A circuit is powered by a 5 V battery and has 0.2 A of current through it. If the circuit contains two resistors connected in series and one of the resistors has a resistance of 5 Ω, what is the resistance of the other resistor?
5 Ω * 0.2 A = 1 V
the other resistor is responsible for the remaining 4 V
... ? Ω * 0.2 A = 4 V
To determine the resistance of the other resistor in the circuit, we can use Ohm's Law, which states that resistance (R) is equal to voltage (V) divided by current (I).

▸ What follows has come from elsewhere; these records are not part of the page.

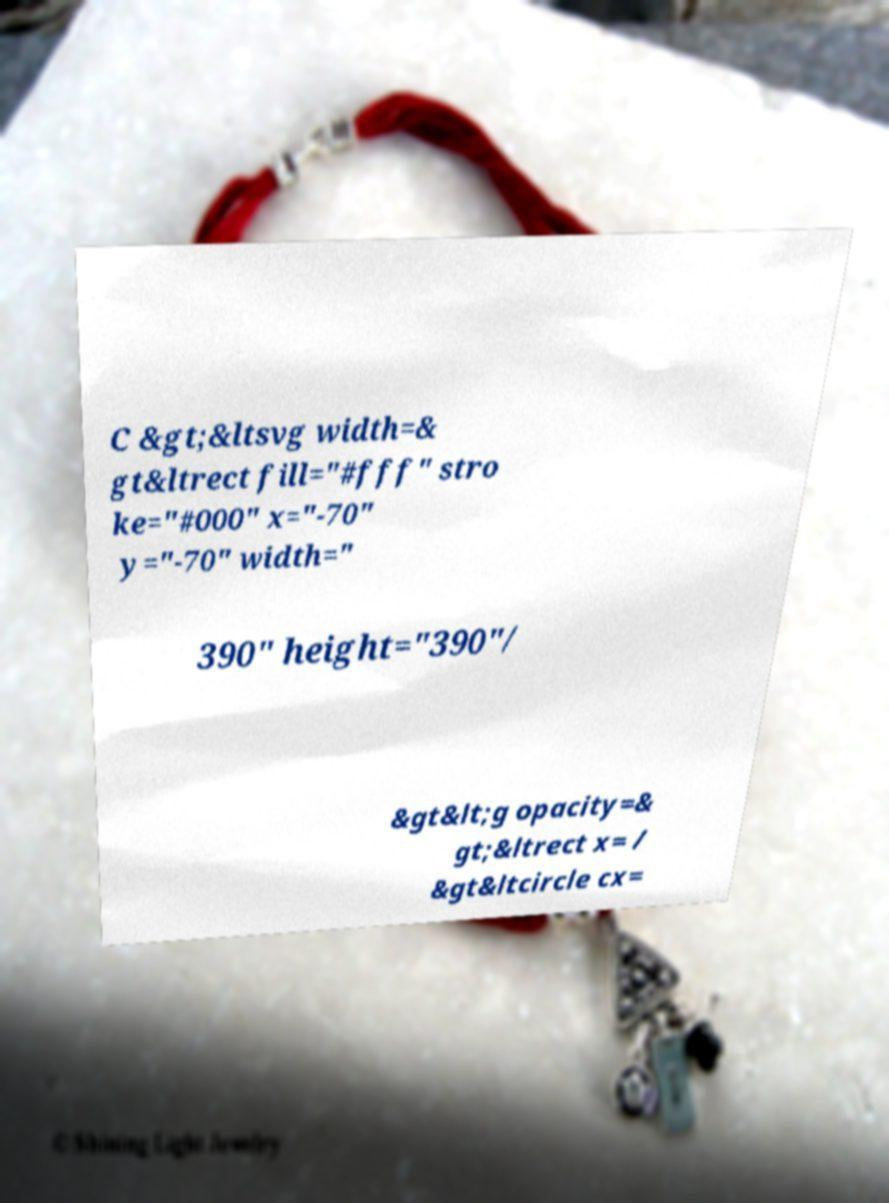Please identify and transcribe the text found in this image. C &gt;&ltsvg width=& gt&ltrect fill="#fff" stro ke="#000" x="-70" y="-70" width=" 390" height="390"/ &gt&lt;g opacity=& gt;&ltrect x= / &gt&ltcircle cx= 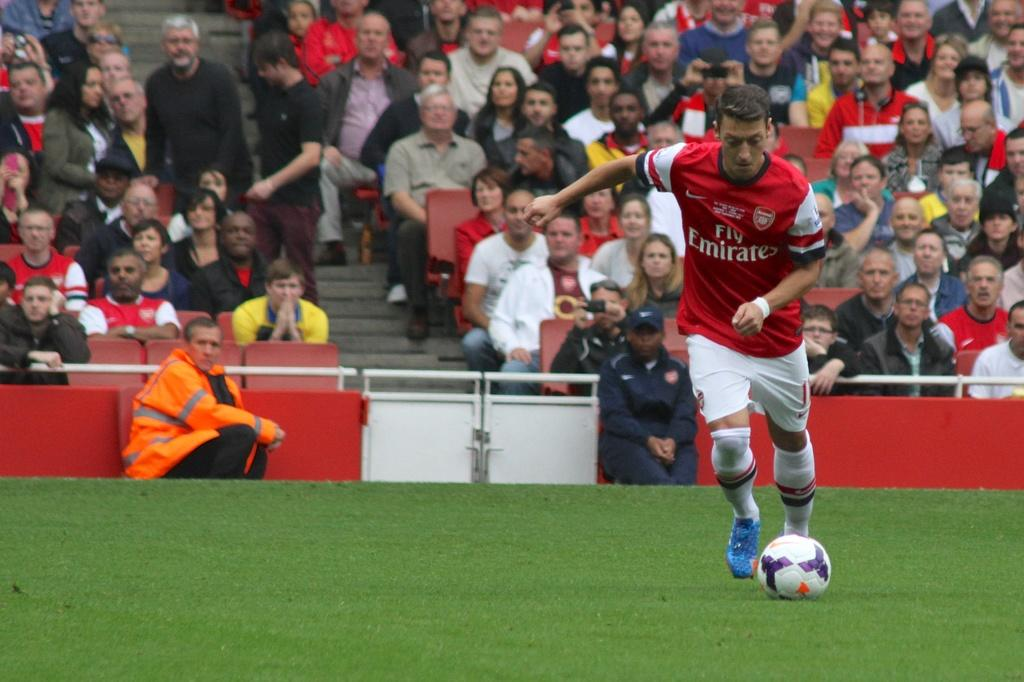<image>
Offer a succinct explanation of the picture presented. a man playing with a fly emirates shirt on 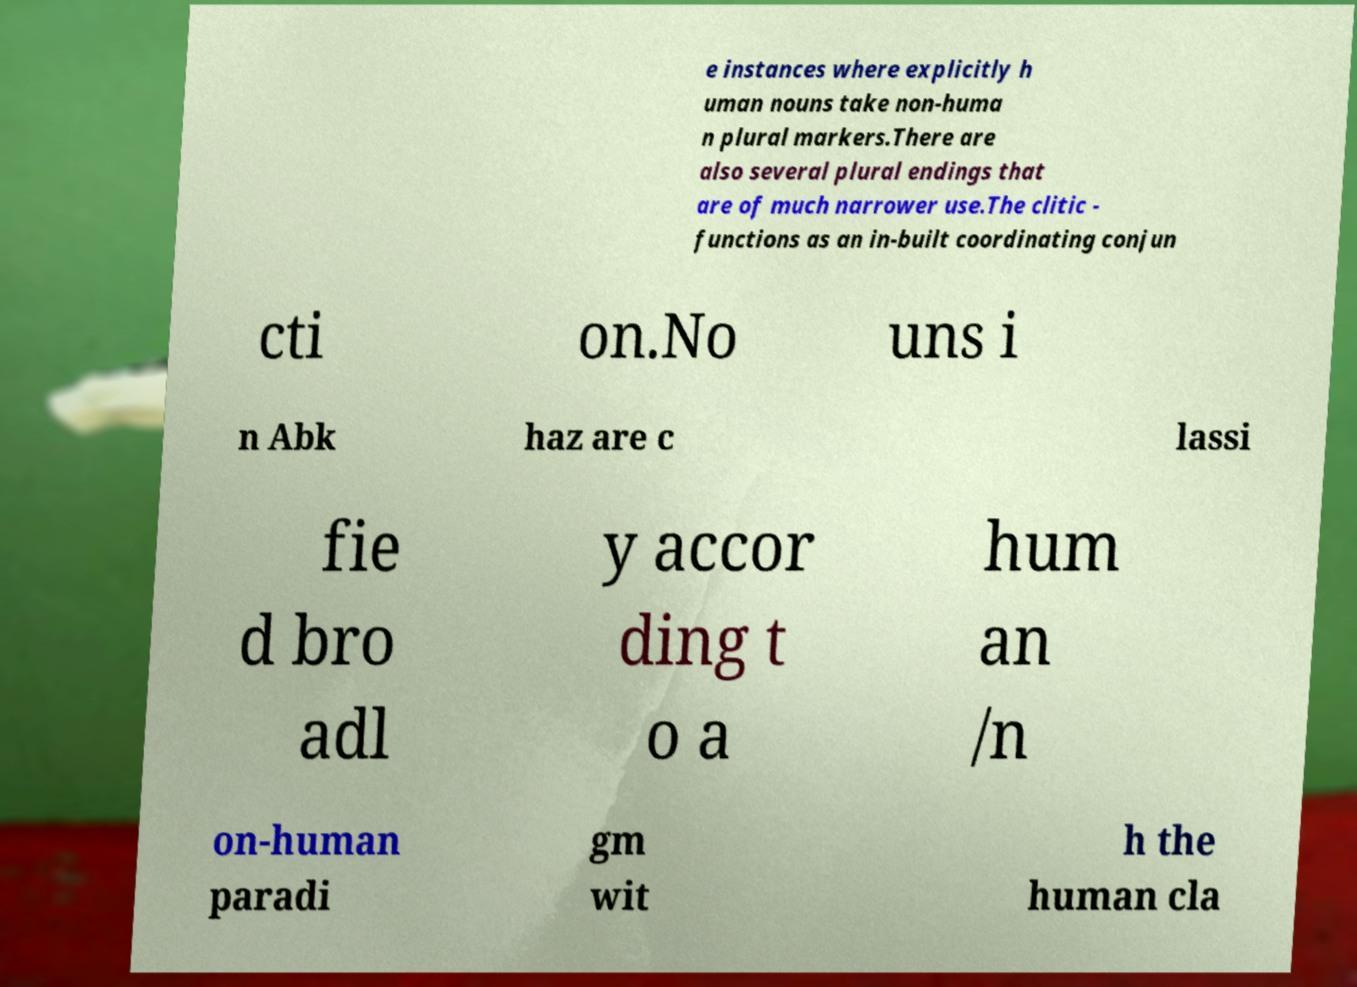Could you assist in decoding the text presented in this image and type it out clearly? e instances where explicitly h uman nouns take non-huma n plural markers.There are also several plural endings that are of much narrower use.The clitic - functions as an in-built coordinating conjun cti on.No uns i n Abk haz are c lassi fie d bro adl y accor ding t o a hum an /n on-human paradi gm wit h the human cla

In this case, we know that the battery voltage (V) is 5 V, and the current (I) through the circuit is 0.2 A.
First, let's find the total resistance of the circuit. Since the two resistors are connected in series, the total resistance (R_total) is the sum of the individual resistances.
R_total = R1 + R2
Given that R1 (the resistance of one resistor) is 5 Ω, we can substitute this value into the equation:
R_total = 5 Ω + R2
Now we can use Ohm's Law to find the resistance of the other resistor (R2).
R_total = V / I
Substituting the known values:
5 Ω + R2 = 5 V / 0.2 A
Simplifying the equation, we can solve for R2:
R2 = (5 V / 0.2 A) - 5 Ω
R2 = 25 Ω / 0.2 A - 5 Ω
R2 = 125 Ω / 1 A - 5 Ω
R2 = 125 Ω - 5 Ω
R2 = 120 Ω
Therefore, the resistance of the other resistor in the circuit is 120 Ω.